TASK REQUIREMENTS: Return each line in the records below that includes "catalytic".

Stored items from a collection:
Segment Open

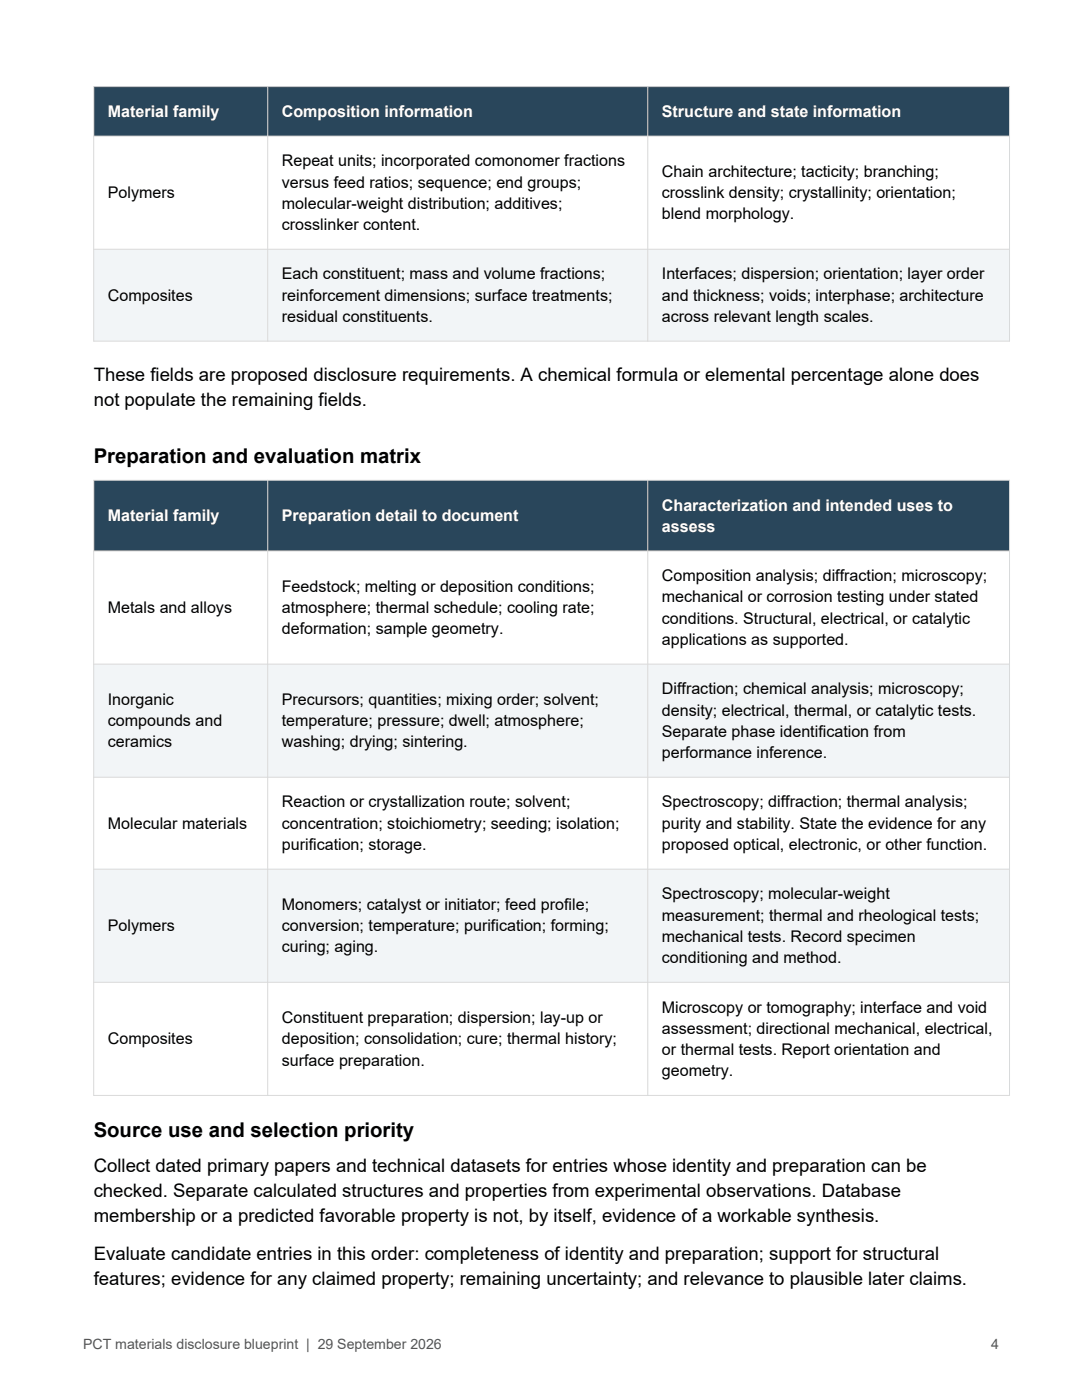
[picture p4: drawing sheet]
<svg xmlns="http://www.w3.org/2000/svg" width="216mm" height="279mm" viewBox="0 0 216 279" stroke-linecap="round" stroke-linejoin="round" font-family="sans-serif">
<defs><g id="words">
<g font-size="4.1">
<text x="18.7" y="92.5">Preparation and evaluation matrix</text>
<text x="18.7" y="226.9">Source use and selection priority</text>
</g>
<g font-size="3.7">
<text x="18.7" y="76">These fields are proposed disclosure requirements. A chemical formula or elemental percentage alone does</text>
<text x="18.7" y="81">not populate the remaining fields.</text>
<text x="18.7" y="234">Collect dated primary papers and technical datasets for entries whose identity and preparation can be</text>
<text x="18.7" y="238.9">checked. Separate calculated structures and properties from experimental observations. Database</text>
<text x="18.7" y="243.9">membership or a predicted favorable property is not, by itself, evidence of a workable synthesis.</text>
<text x="18.7" y="251.5">Evaluate candidate entries in this order: completeness of identity and preparation; support for structural</text>
<text x="18.7" y="256.5">features; evidence for any claimed property; remaining uncertainty; and relevance to plausible later claims.</text>
</g>
<g font-size="3.2" fill="#fff">
<text x="21.5" y="23.3">Material family</text>
<text x="56.2" y="23.3">Composition information</text>
<text x="132.1" y="23.3">Structure and state information</text>
<text x="132.1" y="101.9">Characterization and intended uses to</text>
<text x="21.5" y="104">Material family</text>
<text x="56.2" y="104">Preparation detail to document</text>
<text x="132.1" y="106.1">assess</text>
</g>
<g font-size="3.2">
<text x="56.2" y="33.2">Repeat units; incorporated comonomer fractions</text>
<text x="132.1" y="35.3">Chain architecture; tacticity; branching;</text>
<text x="21.5" y="39.5">Polymers</text>
<text x="56.2" y="37.4">versus feed ratios; sequence; end groups;</text>
<text x="56.2" y="41.7">molecular-weight distribution; additives;</text>
<text x="132.1" y="39.5">crosslink density; crystallinity; orientation;</text>
<text x="56.2" y="45.9">crosslinker content.</text>
<text x="132.1" y="43.8">blend morphology.</text>
<text x="56.2" y="55.8">Each constituent; mass and volume fractions;</text>
<text x="132.1" y="55.8">Interfaces; dispersion; orientation; layer order</text>
<text x="21.5" y="60">Composites</text>
<text x="56.2" y="60">reinforcement dimensions; surface treatments;</text>
<text x="56.2" y="64.2">residual constituents.</text>
<text x="132.1" y="60">and thickness; voids; interphase; architecture</text>
<text x="132.1" y="64.2">across relevant length scales.</text>
<text x="56.2" y="118.1">Feedstock; melting or deposition conditions;</text>
<text x="132.1" y="116">Composition analysis; diffraction; microscopy;</text>
<text x="21.5" y="122.3">Metals and alloys</text>
<text x="56.2" y="122.3">atmosphere; thermal schedule; cooling rate;</text>
<text x="132.1" y="120.2">mechanical or corrosion testing under stated</text>
<text x="132.1" y="124.5">conditions. Structural, electrical, or catalytic</text>
<text x="56.2" y="126.6">deformation; sample geometry.</text>
<text x="132.1" y="128.7">applications as supported.</text>
<text x="21.5" y="140.7">Inorganic</text>
<text x="56.2" y="140.7">Precursors; quantities; mixing order; solvent;</text>
<text x="132.1" y="138.6">Diffraction; chemical analysis; microscopy;</text>
<text x="132.1" y="142.8">density; electrical, thermal, or catalytic tests.</text>
<text x="21.5" y="144.9">compounds and</text>
<text x="21.5" y="149.2">ceramics</text>
<text x="56.2" y="144.9">temperature; pressure; dwell; atmosphere;</text>
<text x="56.2" y="149.2">washing; drying; sintering.</text>
<text x="132.1" y="147">Separate phase identification from</text>
<text x="132.1" y="151.3">performance inference.</text>
<text x="56.2" y="161.1">Reaction or crystallization route; solvent;</text>
<text x="132.1" y="161.1">Spectroscopy; diffraction; thermal analysis;</text>
<text x="21.5" y="165.4">Molecular materials</text>
<text x="56.2" y="165.4">concentration; stoichiometry; seeding; isolation;</text>
<text x="132.1" y="165.4">purity and stability. State the evidence for any</text>
<text x="56.2" y="169.6">purification; storage.</text>
<text x="132.1" y="169.6">proposed optical, electronic, or other function.</text>
<text x="132.1" y="179.5">Spectroscopy; molecular-weight</text>
<text x="21.5" y="185.8">Polymers</text>
<text x="56.2" y="181.6">Monomers; catalyst or initiator; feed profile;</text>
<text x="56.2" y="185.8">conversion; temperature; purification; forming;</text>
<text x="132.1" y="183.7">measurement; thermal and rheological tests;</text>
<text x="56.2" y="190.1">curing; aging.</text>
<text x="132.1" y="188">mechanical tests. Record specimen</text>
<text x="132.1" y="192.2">conditioning and method.</text>
<text x="132.1" y="202.1">Microscopy or tomography; interface and void</text>
<text x="21.5" y="208.4">Composites</text>
<text x="56.2" y="204.2">Constituent preparation; dispersion; lay-up or</text>
<text x="56.2" y="208.4">deposition; consolidation; cure; thermal history;</text>
<text x="132.1" y="206.3">assessment; directional mechanical, electrical,</text>
<text x="56.2" y="212.7">surface preparation.</text>
<text x="132.1" y="210.5">or thermal tests. Report orientation and</text>
<text x="132.1" y="214.8">geometry.</text>
</g>
<g font-size="2.8" fill="#555">
<text x="16.6" y="269.2">PCT materials disclosure blueprint | 29 September 2026</text>
<text x="197.7" y="269.2">4</text>
</g>
</g></defs>
<path d="M18.7 17.3h182.7v9.9h-182.7z" fill-rule="evenodd" fill="#29465b"/>
<path d="M18.7 27.2h182.7v22.5h-182.7z" fill-rule="evenodd" fill="#fff"/>
<path d="M18.7 49.7h182.7v18.4h-182.7z" fill-rule="evenodd" fill="#f2f5f7"/>
<path d="M18.7 17.3h182.7v50.8h-182.7zM53.4 17.3v50.8M129.3 17.3v50.8M18.7 27.2h182.7M18.7 49.7h182.7" fill="none" stroke="#d9d9d9" stroke-width=".2"/>
<path d="M18.7 95.8h182.7v14.2h-182.7z" fill-rule="evenodd" fill="#29465b"/>
<path d="M18.7 110h182.7v22.5h-182.7z" fill-rule="evenodd" fill="#fff"/>
<path d="M18.7 132.5h182.7v22.6h-182.7z" fill-rule="evenodd" fill="#f2f5f7"/>
<path d="M18.7 155.1h182.7v18.4h-182.7z" fill-rule="evenodd" fill="#fff"/>
<path d="M18.7 173.5h182.7v22.5h-182.7z" fill-rule="evenodd" fill="#f2f5f7"/>
<path d="M18.7 196h182.7v22.6h-182.7z" fill-rule="evenodd" fill="#fff"/>
<path d="M18.7 95.8h182.7v122.8h-182.7zM53.4 95.8v122.8M129.3 95.8v122.8M18.7 110h182.7M18.7 132.5h182.7M18.7 155.1h182.7M18.7 173.5h182.7M18.7 196h182.7" fill="none" stroke="#d9d9d9" stroke-width=".2"/>
<use href="#words"/>
</svg>

Segment Closed

WRITTEN RESPONSE:
<text x="132.1" y="124.5">conditions. Structural, electrical, or catalytic</text>
<text x="132.1" y="142.8">density; electrical, thermal, or catalytic tests.</text>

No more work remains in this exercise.